──────── Given entries

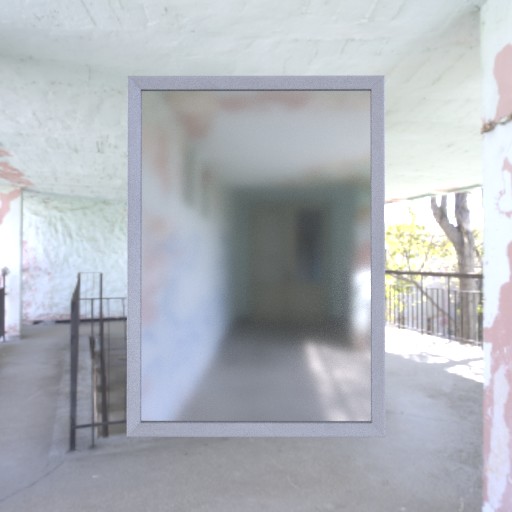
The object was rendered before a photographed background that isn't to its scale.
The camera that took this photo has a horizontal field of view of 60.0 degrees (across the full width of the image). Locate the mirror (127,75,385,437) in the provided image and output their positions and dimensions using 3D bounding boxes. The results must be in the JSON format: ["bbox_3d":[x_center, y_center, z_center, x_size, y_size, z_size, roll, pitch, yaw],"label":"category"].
[{"bbox_3d":[0.000,0.000,0.890,0.507,0.710,0.039,0,0,0],"label":"mirror"}]
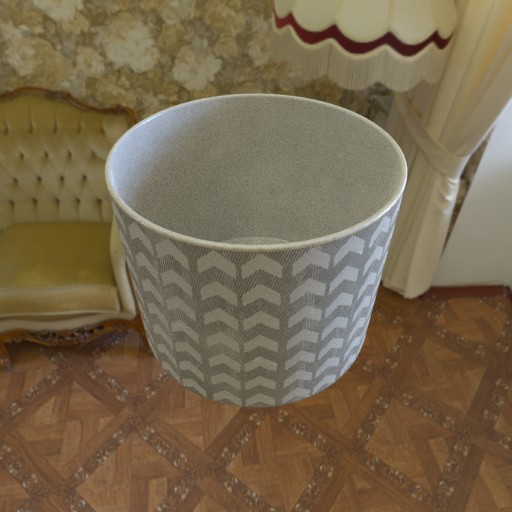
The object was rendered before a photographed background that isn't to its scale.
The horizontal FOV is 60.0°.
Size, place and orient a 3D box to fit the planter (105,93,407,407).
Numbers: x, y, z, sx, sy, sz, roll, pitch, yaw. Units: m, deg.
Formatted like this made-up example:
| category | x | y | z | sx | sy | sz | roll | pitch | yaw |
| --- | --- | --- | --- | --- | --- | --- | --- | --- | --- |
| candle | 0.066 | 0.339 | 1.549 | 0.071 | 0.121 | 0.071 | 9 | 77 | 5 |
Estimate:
| category | x | y | z | sx | sy | sz | roll | pitch | yaw |
| --- | --- | --- | --- | --- | --- | --- | --- | --- | --- |
| planter | 0.000 | 0.000 | 0.456 | 0.250 | 0.239 | 0.250 | 0 | 42 | 0 |
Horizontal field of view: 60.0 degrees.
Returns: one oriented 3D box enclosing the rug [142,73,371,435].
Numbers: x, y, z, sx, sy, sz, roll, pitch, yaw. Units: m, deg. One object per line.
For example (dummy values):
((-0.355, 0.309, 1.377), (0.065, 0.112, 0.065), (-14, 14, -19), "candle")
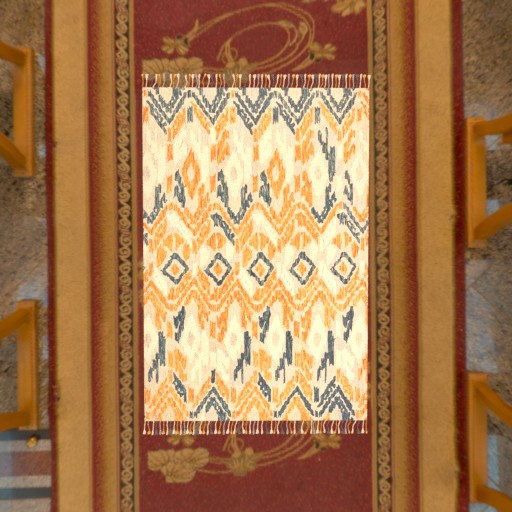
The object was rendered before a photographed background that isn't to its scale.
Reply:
((0.000, 0.000, 2.980), (1.533, 0.010, 2.428), (0, 92, -1), "rug")
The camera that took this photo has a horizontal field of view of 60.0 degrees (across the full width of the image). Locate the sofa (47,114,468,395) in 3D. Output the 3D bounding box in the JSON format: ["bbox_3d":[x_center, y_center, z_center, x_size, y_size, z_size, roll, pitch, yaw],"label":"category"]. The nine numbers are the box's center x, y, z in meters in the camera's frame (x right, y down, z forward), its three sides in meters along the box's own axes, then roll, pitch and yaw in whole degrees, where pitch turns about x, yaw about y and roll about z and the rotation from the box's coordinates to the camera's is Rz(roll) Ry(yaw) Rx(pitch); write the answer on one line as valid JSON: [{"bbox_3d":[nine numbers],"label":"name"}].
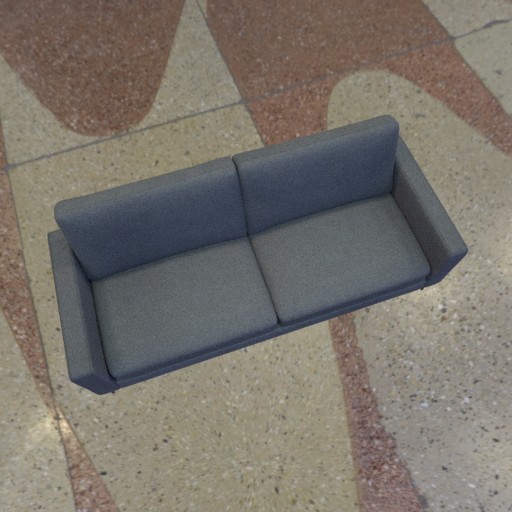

────────────────

## Description of the task
Output the records above exactly, omitting the pictures.

## Response to the task
The object was rendered before a photographed background that isn't to its scale.
The camera that took this photo has a horizontal field of view of 60.0 degrees (across the full width of the image). Locate the mirror (127,75,385,437) in the provided image and output their positions and dimensions using 3D bounding boxes. The results must be in the JSON format: ["bbox_3d":[x_center, y_center, z_center, x_size, y_size, z_size, roll, pitch, yaw],"label":"category"].
[{"bbox_3d":[0.000,0.000,0.890,0.507,0.710,0.039,0,0,0],"label":"mirror"}]
The object was rendered before a photographed background that isn't to its scale.
The horizontal FOV is 60.0°.
Size, place and orient a 3D box to fit the planter (105,93,407,407).
Numbers: x, y, z, sx, sy, sz, roll, pitch, yaw. Units: m, deg.
Formatted like this made-up example:
| category | x | y | z | sx | sy | sz | roll | pitch | yaw |
| --- | --- | --- | --- | --- | --- | --- | --- | --- | --- |
| candle | 0.066 | 0.339 | 1.549 | 0.071 | 0.121 | 0.071 | 9 | 77 | 5 |
Estimate:
| category | x | y | z | sx | sy | sz | roll | pitch | yaw |
| --- | --- | --- | --- | --- | --- | --- | --- | --- | --- |
| planter | 0.000 | 0.000 | 0.456 | 0.250 | 0.239 | 0.250 | 0 | 42 | 0 |
Horizontal field of view: 60.0 degrees.
Returns: one oriented 3D box enclosing the rug [142,73,371,435].
Numbers: x, y, z, sx, sy, sz, roll, pitch, yaw. Units: m, deg. One object per line.
For example (dummy values):
((-0.355, 0.309, 1.377), (0.065, 0.112, 0.065), (-14, 14, -19), "candle")
The object was rendered before a photographed background that isn't to its scale.
Reply:
((0.000, 0.000, 2.980), (1.533, 0.010, 2.428), (0, 92, -1), "rug")
The camera that took this photo has a horizontal field of view of 60.0 degrees (across the full width of the image). Locate the sofa (47,114,468,395) in 3D. Output the 3D bounding box in the JSON format: ["bbox_3d":[x_center, y_center, z_center, x_size, y_size, z_size, roll, pitch, yaw],"label":"category"]. The nine numbers are the box's center x, y, z in meters in the camera's frame (x right, y down, z forward), its three sides in meters along the box's own axes, then roll, pitch and yaw in whole degrees, where pitch turns about x, yaw about y and roll about z and the rotation from the box's coordinates to the camera's is Rz(roll) Ry(yaw) Rx(pitch); write the answer on one line as valid JSON: [{"bbox_3d":[nine numbers],"label":"name"}].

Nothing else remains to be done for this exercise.